# Definition of $e$

## Definition of $e$

$\ln (e)= \int_\limits{1}^e\frac{1}{t}dt=1$

I found this in my calculus textbook, and I was wondering what does this exactly "mean". This is more of a research question which I could do, but where would I start. I understand that its an integral, and what it states; however, how was this derived in calculus? Where would be a good book to research to understand an ideal proof of the equation?

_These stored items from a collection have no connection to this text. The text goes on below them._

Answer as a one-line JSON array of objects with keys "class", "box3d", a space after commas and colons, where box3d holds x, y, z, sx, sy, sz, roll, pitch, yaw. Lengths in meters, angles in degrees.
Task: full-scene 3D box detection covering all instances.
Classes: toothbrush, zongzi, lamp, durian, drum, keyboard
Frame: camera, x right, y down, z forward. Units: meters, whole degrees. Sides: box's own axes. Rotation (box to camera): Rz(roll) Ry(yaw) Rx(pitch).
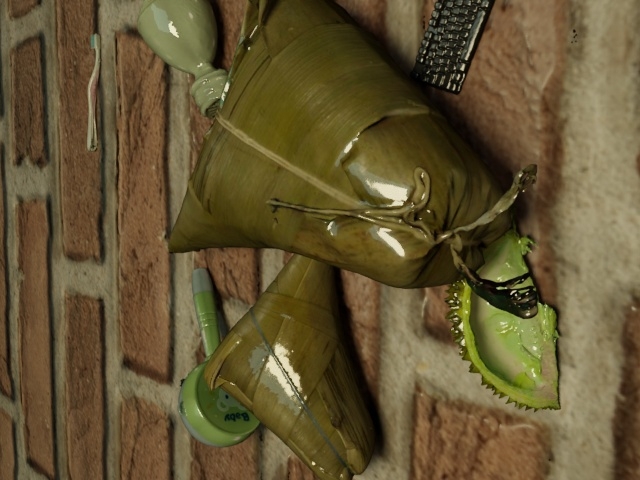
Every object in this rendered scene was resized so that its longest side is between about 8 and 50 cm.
[{"class": "toothbrush", "box3d": [-0.397, -0.258, 1.032, 0.022, 0.017, 0.203, 8, 99, 28]}, {"class": "zongzi", "box3d": [0.015, 0.127, 0.696, 0.228, 0.115, 0.256, 38, 92, 16]}, {"class": "lamp", "box3d": [-0.177, -0.261, 0.804, 0.106, 0.106, 0.192, -31, 83, 37]}, {"class": "durian", "box3d": [0.171, 0.066, 0.575, 0.100, 0.086, 0.215, -13, 89, 6]}, {"class": "drum", "box3d": [-0.162, 0.157, 0.801, 0.049, 0.130, 0.253, -42, 68, 38]}, {"class": "keyboard", "box3d": [0.147, -0.249, 0.589, 0.060, 0.018, 0.195, 30, 112, 31]}, {"class": "zongzi", "box3d": [0.000, 0.000, 0.593, 0.418, 0.182, 0.447, -54, 49, 28]}]
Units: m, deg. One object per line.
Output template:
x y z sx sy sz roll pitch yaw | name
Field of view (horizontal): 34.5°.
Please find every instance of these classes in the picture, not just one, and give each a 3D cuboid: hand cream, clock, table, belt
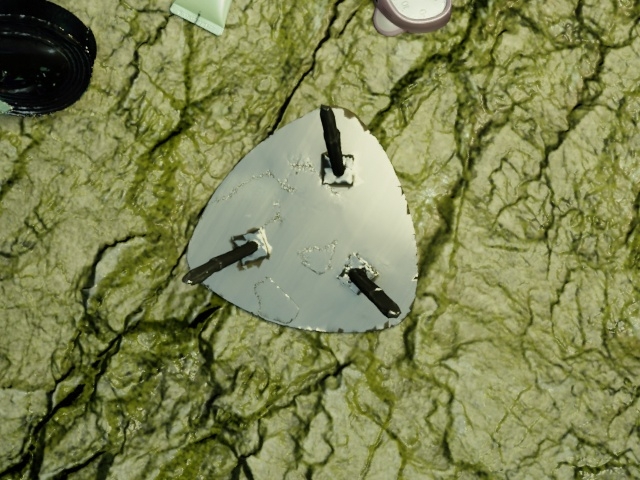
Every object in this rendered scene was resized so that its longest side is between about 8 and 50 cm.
-0.123 -0.382 1.378 0.078 0.050 0.204 27 96 -1 | hand cream
0.110 -0.349 1.368 0.110 0.050 0.152 -18 91 2 | clock
0.000 0.000 1.280 0.318 0.249 0.317 0 91 2 | table
-0.396 -0.239 1.345 0.199 0.078 0.151 5 125 -9 | belt
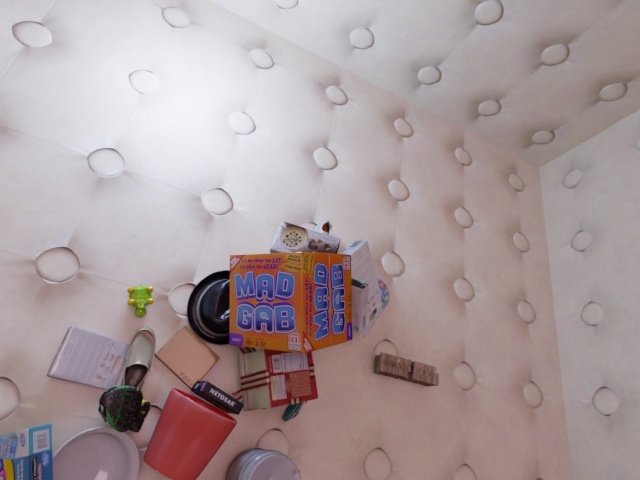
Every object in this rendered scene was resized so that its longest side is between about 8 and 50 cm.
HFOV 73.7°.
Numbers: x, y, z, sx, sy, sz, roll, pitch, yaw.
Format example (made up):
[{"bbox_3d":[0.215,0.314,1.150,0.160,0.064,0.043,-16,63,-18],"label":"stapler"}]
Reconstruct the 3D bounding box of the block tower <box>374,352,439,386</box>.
[{"bbox_3d":[0.417,0.635,2.093,0.336,0.097,0.090,21,61,-20],"label":"block tower"}]

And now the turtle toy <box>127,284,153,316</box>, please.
[{"bbox_3d":[-0.715,0.239,1.695,0.095,0.066,0.130,1,69,-25],"label":"turtle toy"}]

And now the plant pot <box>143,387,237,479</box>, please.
[{"bbox_3d":[-0.473,0.697,1.518,0.275,0.275,0.243,33,68,-11],"label":"plant pot"}]

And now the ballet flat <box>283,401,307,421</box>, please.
[{"bbox_3d":[-0.088,0.696,1.825,0.070,0.070,0.188,39,60,-8],"label":"ballet flat"}]

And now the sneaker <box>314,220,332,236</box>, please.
[{"bbox_3d":[0.000,0.000,2.153,0.088,0.092,0.228,23,61,-19],"label":"sneaker"}]

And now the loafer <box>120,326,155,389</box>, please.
[{"bbox_3d":[-0.678,0.455,1.603,0.102,0.092,0.268,15,65,-25],"label":"loafer"}]

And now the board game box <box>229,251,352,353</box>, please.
[{"bbox_3d":[-0.113,0.233,1.713,0.357,0.357,0.355,5,83,-56],"label":"board game box"}]

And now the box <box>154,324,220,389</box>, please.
[{"bbox_3d":[-0.532,0.467,1.718,0.201,0.021,0.164,45,56,-3],"label":"box"}]

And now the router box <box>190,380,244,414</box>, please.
[{"bbox_3d":[-0.398,0.606,1.647,0.179,0.133,0.046,39,57,-16],"label":"router box"}]

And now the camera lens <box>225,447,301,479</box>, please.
[{"bbox_3d":[-0.212,0.879,1.550,0.220,0.274,0.219,11,65,-23],"label":"camera lens"}]

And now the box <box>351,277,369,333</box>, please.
[{"bbox_3d":[0.057,0.255,1.897,0.322,0.232,0.059,17,28,29],"label":"box"}]

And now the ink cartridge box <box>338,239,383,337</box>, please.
[{"bbox_3d":[0.181,0.223,2.037,0.308,0.091,0.384,-36,115,-59],"label":"ink cartridge box"}]

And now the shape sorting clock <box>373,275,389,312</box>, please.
[{"bbox_3d":[0.267,0.272,2.203,0.207,0.040,0.206,11,64,-23],"label":"shape sorting clock"}]

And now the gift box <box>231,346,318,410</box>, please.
[{"bbox_3d":[-0.198,0.539,1.713,0.277,0.258,0.254,9,65,-33],"label":"gift box"}]

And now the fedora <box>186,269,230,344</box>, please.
[{"bbox_3d":[-0.392,0.265,1.799,0.335,0.152,0.333,11,64,-23],"label":"fedora"}]

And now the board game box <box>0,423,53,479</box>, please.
[{"bbox_3d":[-0.933,0.701,1.242,0.079,0.337,0.253,30,44,-66],"label":"board game box"}]

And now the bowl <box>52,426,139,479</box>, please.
[{"bbox_3d":[-0.760,0.752,1.382,0.298,0.134,0.297,11,75,-46],"label":"bowl"}]

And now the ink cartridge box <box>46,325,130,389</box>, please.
[{"bbox_3d":[-0.842,0.436,1.567,0.225,0.056,0.180,32,56,-34],"label":"ink cartridge box"}]

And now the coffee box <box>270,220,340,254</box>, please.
[{"bbox_3d":[-0.071,0.042,2.025,0.298,0.118,0.168,18,61,4],"label":"coffee box"}]

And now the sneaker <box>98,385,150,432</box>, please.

• "Derived" may not be the correct word to use. What you posted can be a "definition" of the natural logarithm (the antiderivative $F$ of $\frac{1}{t}$ such that $F(e) = 1$). – Mark Nov 10 '16 at 0:41
• Because $f(x)=\int_1^{x} \frac{1}{t}\,dt$ is strictly increasing, continuous, and unbounded, and $f(1)=0$, you know that $f(e)=1$ for some exactly one value $e>1$. – Thomas Andrews Nov 10 '16 at 0:44
• Unless you already have another definition of $e$ of $\ln$, this is not a "theorem", i.e. something to be proved, but rather a definition. As such the only interesting thing to be proven about it i that it is well-defined, i.e. that there is a single number with this property. – Ian Nov 10 '16 at 0:49
• @Ian So basically its something really basic that has no magical complex explanation. Because I understand it I just thought there would be a magical complicated way to show the why its a definition. – EnlightenedFunky Nov 10 '16 at 0:52
• If this is how you're introducing $e$ for the first time then no there's nothing special there. What's striking is that this definition is equivalent to a bunch of other stuff; for example this $e$ is the same $e$ as $\lim_{n \to \infty} (1+1/n)^n$ from compound interest – Ian Nov 10 '16 at 0:58

To say that $e$ is the number such that $\int_\limits{1}^e\frac1x\mathrm{d}x=1$ is to say that when you graph the curve of $y=\frac1x$ and shade in the area to the right of $x=1$, then $e$ is the boundary on the right such that the shaded area is exactly $1$. Take a look at the diagram below. The green curve is $y=\frac1x$ and $a$ is the area of the brown region.
If the boundary on the right were $x=3$, we'd have slightly too much area. If it were instead $2$, we'd have too little area. But $e=2.718\ldots$ is the point that's just right.